Turbonomic has helped us address performance degradation under VMware. It identifies when there's a bottleneck in the storage line, so we can start moving some virtual disks around to different ones. It helps in the older silo structure. The performance degradation is on the VMware or the fiber channel SAN side. Some of the SANs are nine years old.
It is able to identify points before we even noticed them. We're meeting all our SLAs because it never gets to the point where they catch something. They might say, "Oh, it seems a little slow," and then they'll return from lunch, saying, "Oh, it's okay again."
We log into it in the morning and let it sit up in the NOC. We take a peek when it shows something. We'll check it out if it's red, but it'll usually clear up if it's yellow. For example, all systems might run at 110% immediately before registration closes while students try to get their last class for their senior year registered before the other students. We'll return to our normal 20-30% usage in about an hour and a half.
They won't notice a thing because we'll be moving to more of a Kubernetes Docker-style system with Nutanix Carbon. I will probably try to integrate that with Turbonomic. We will probably connect Turbonomic deeper into that stack because that will be able to pull and spin up new Dockers automatically on hardware and not within anything else, giving the server room to spin up another Docker.

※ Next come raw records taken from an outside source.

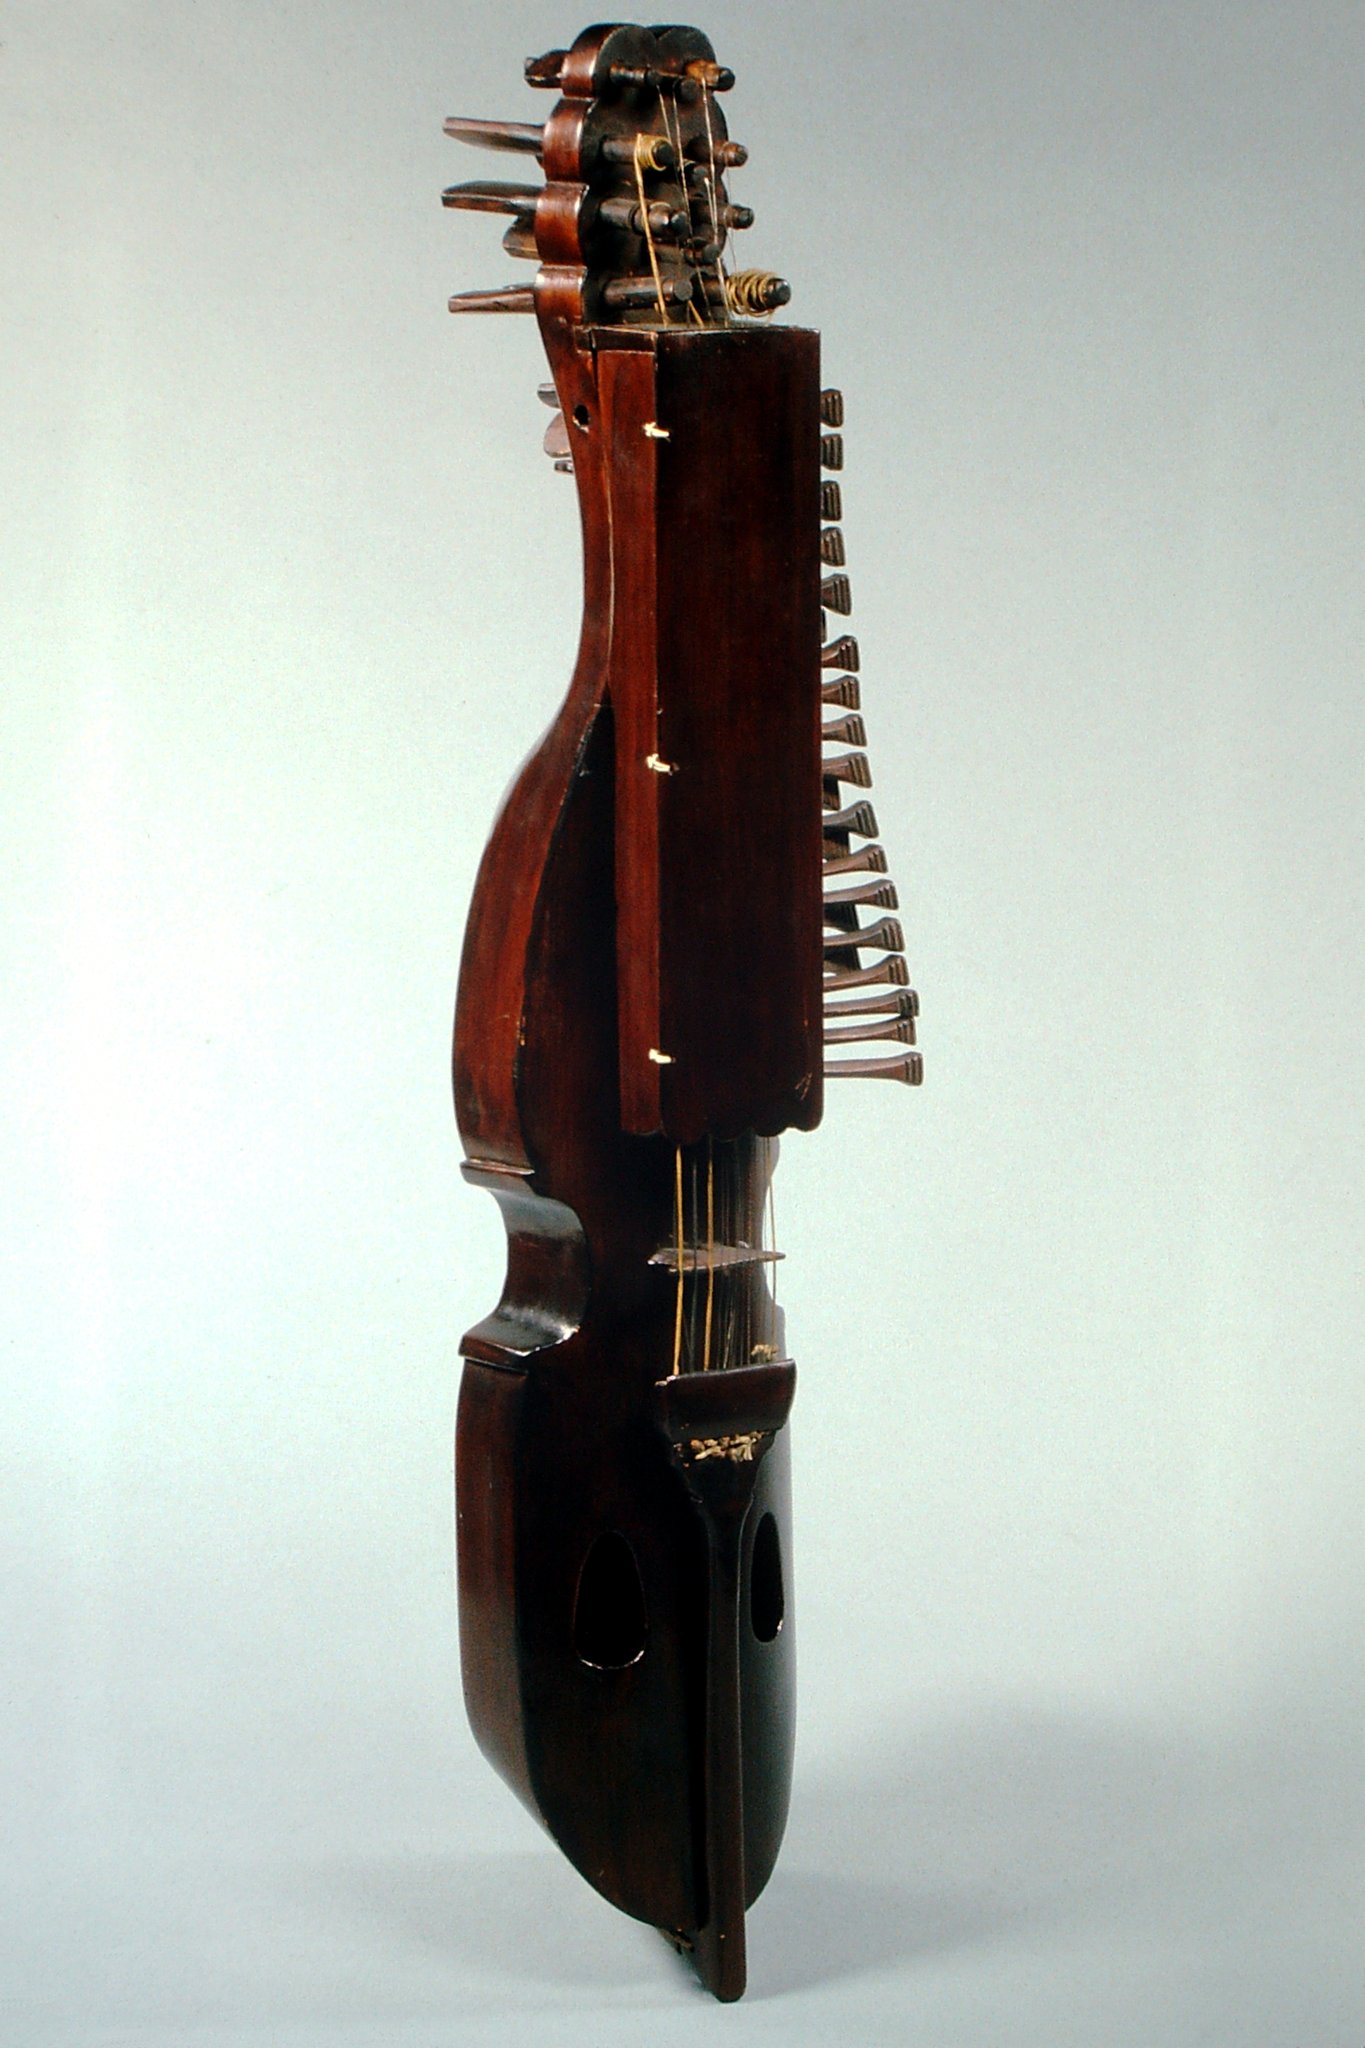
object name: nyckelharpa
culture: swedish
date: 1801-1900
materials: wood
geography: sweden

Theoretically, I've got room for about 600 more containers, and we currently use 15.
We're centralized IT. I use Turbonomic mainly as a showback because we don't charge our different departments. There technically is no charge in our current Red Hat licenses, and that's picked up. We pick that up and get requests in. There is no self-service here.
The instructor says, "I need 400 cores and two terabytes of RAM to run my analysis." I'm like, "That's how they run it on a supercomputer. We don't have those here. Now, if your research grant wants to buy us one, sure, we'll set it up. Tell us where the half-million dollars is, and we'll set it up for you." There's no self-service here, but we use it for a showback.
We had Turbonomic load-balancing all our clusters, and we did not let VMware load-balance our clusters because of the algorithms. Their marketing and share algorithms were much more precise than VMware's because I had disparate-sized servers.
VMware liked to put a heavy load on my little boxes and leave my big boxes alone, or it stuffed the big boxes full and left the little boxes alone. Turbonomic keeps everything about even. Their algorithm for load balancing was much cleaner until the ESXi 7 than VMware. That made the hardware more cost-effective because I didn't have little guys sleeping in a corner someplace sucking up hardware, power, and cooling while not doing any work all day.
Resource starvation has never been an issue for use. We run different resource pools, and we've never had any service hit 100%. I have redundancies and reserve capacities needed to weather any storm. We use Turbonomic primarily to monitor and maintain equal resources on all servers.
We've never had a server hit 100%. I might have one hit 80% periodically before they moved something around. We've been in the VMware game since 2.X back when a monster server had four cores and 32 gigs of RAM. We've been virtualized over 80% for the last 12 years. We've been heavily virtualized for over 80% of the previous decade. We knew virtualization was the way it was going and went for it.
It reduced our operational expenditures because I have reclaimed some of the time typically spent generating reports. It's part of our system, and we just use it. Turbonomic is part of our network operations center. The dashboard is on my screen, so I can see if the indicators turn yellow or red. I can address the issue before it gets to the point where I'm getting calls from the service desk.
Great review. Been a user for over two years and recommend the product highly as it is valuable especially the planning module. The automation is great too.